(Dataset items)
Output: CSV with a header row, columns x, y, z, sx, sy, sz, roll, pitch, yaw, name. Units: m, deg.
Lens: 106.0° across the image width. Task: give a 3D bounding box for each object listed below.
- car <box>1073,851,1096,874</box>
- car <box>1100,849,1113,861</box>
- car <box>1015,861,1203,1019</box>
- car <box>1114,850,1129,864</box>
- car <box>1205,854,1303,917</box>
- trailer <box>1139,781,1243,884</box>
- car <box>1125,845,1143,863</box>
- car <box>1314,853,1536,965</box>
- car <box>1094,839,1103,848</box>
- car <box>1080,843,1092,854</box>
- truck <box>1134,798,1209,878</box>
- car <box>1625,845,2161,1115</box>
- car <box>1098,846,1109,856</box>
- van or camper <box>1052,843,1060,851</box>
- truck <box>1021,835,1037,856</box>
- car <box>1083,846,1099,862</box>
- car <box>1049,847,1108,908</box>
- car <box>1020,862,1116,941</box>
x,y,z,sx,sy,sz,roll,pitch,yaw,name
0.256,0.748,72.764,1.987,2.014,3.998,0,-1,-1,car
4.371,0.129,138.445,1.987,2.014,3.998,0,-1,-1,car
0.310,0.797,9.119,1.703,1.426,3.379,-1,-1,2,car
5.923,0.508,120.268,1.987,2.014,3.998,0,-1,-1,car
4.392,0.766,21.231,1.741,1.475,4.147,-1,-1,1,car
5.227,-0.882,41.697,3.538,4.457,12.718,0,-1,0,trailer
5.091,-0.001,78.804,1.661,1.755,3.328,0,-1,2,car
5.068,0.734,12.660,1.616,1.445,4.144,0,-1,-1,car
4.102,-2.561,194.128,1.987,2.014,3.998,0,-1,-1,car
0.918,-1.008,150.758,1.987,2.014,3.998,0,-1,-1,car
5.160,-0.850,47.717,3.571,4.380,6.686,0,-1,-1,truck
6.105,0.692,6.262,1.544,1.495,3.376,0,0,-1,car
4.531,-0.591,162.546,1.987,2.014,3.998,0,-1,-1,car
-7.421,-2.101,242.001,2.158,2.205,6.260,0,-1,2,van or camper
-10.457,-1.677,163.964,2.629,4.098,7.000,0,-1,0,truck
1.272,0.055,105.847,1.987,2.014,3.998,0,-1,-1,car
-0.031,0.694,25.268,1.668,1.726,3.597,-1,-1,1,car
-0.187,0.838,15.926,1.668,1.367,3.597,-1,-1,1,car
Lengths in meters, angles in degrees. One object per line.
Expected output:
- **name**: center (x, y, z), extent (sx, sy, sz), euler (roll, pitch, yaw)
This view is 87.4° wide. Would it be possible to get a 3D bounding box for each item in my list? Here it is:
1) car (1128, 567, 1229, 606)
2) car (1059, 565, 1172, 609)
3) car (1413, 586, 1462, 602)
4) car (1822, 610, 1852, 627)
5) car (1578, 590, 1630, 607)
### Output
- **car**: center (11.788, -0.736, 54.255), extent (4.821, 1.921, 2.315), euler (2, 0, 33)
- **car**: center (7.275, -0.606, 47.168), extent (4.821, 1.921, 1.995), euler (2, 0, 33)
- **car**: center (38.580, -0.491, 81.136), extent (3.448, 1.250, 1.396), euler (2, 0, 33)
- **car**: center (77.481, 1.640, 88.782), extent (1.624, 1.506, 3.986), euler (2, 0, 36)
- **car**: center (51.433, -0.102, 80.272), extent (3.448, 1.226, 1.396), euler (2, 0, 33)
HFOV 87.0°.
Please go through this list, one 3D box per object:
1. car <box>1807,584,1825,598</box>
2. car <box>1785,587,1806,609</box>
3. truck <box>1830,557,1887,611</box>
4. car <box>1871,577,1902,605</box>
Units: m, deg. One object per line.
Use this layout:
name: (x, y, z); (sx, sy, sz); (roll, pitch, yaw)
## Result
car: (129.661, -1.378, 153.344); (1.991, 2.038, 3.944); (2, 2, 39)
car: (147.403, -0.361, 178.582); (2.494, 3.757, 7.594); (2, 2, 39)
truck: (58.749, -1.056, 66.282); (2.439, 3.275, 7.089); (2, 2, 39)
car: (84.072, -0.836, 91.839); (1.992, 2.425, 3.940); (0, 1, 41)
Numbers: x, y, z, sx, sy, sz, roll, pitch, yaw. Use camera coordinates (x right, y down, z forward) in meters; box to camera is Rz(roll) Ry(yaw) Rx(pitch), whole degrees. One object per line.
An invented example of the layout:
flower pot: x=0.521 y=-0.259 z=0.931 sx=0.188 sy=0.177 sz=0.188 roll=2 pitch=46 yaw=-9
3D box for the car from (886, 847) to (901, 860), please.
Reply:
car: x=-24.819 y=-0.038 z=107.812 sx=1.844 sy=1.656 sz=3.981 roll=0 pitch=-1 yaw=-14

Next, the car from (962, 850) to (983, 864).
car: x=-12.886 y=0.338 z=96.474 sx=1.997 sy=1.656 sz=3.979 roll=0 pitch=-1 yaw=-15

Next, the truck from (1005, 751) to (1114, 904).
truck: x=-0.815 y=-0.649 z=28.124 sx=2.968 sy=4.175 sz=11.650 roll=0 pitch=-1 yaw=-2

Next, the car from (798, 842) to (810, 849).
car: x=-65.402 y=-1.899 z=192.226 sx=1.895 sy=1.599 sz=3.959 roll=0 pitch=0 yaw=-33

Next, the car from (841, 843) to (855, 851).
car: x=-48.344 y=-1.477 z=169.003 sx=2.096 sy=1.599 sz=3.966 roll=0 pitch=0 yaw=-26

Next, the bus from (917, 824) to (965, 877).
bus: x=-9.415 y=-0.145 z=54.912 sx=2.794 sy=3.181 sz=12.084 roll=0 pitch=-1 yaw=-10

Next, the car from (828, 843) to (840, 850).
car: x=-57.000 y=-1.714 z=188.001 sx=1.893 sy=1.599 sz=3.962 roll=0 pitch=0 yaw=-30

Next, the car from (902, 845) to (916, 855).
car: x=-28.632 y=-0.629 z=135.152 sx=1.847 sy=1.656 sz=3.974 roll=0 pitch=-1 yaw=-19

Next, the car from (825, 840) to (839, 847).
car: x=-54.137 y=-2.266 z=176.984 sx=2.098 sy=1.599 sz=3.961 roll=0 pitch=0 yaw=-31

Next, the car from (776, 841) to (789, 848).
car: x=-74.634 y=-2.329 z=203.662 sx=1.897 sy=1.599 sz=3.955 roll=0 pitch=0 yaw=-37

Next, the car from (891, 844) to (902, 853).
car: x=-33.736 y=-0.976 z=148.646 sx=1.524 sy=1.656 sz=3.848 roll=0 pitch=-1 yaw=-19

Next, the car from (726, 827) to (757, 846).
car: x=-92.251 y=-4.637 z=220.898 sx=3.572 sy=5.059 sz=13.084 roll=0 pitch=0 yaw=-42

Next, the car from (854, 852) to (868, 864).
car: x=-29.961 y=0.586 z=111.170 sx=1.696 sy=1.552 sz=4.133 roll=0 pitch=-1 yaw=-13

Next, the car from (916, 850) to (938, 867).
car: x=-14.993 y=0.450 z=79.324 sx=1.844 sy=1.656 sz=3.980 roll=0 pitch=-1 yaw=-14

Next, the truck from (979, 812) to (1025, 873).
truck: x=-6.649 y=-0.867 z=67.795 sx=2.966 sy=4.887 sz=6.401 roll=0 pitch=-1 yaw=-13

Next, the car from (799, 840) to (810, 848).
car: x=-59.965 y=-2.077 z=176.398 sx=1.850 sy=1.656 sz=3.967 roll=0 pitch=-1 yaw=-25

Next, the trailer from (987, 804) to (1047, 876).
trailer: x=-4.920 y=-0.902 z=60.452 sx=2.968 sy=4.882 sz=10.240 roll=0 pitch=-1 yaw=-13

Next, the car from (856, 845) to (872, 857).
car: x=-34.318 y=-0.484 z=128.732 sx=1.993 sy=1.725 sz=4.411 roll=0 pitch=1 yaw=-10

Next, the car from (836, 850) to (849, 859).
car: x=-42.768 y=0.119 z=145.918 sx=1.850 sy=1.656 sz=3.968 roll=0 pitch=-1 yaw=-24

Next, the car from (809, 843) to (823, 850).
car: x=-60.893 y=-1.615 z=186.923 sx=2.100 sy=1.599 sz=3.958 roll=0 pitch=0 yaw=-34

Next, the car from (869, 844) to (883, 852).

> _Task statement_
Produce only the lines from the line containing "4) car (1822, 610, 1852, 627)" through the line containing "name: (x, y, z);", inclusive of both, exactly as they stand in the entries above.

> _Task answer_
4) car (1822, 610, 1852, 627)
5) car (1578, 590, 1630, 607)
### Output
- **car**: center (11.788, -0.736, 54.255), extent (4.821, 1.921, 2.315), euler (2, 0, 33)
- **car**: center (7.275, -0.606, 47.168), extent (4.821, 1.921, 1.995), euler (2, 0, 33)
- **car**: center (38.580, -0.491, 81.136), extent (3.448, 1.250, 1.396), euler (2, 0, 33)
- **car**: center (77.481, 1.640, 88.782), extent (1.624, 1.506, 3.986), euler (2, 0, 36)
- **car**: center (51.433, -0.102, 80.272), extent (3.448, 1.226, 1.396), euler (2, 0, 33)
HFOV 87.0°.
Please go through this list, one 3D box per object:
1. car <box>1807,584,1825,598</box>
2. car <box>1785,587,1806,609</box>
3. truck <box>1830,557,1887,611</box>
4. car <box>1871,577,1902,605</box>
Units: m, deg. One object per line.
Use this layout:
name: (x, y, z); (sx, sy, sz); (roll, pitch, yaw)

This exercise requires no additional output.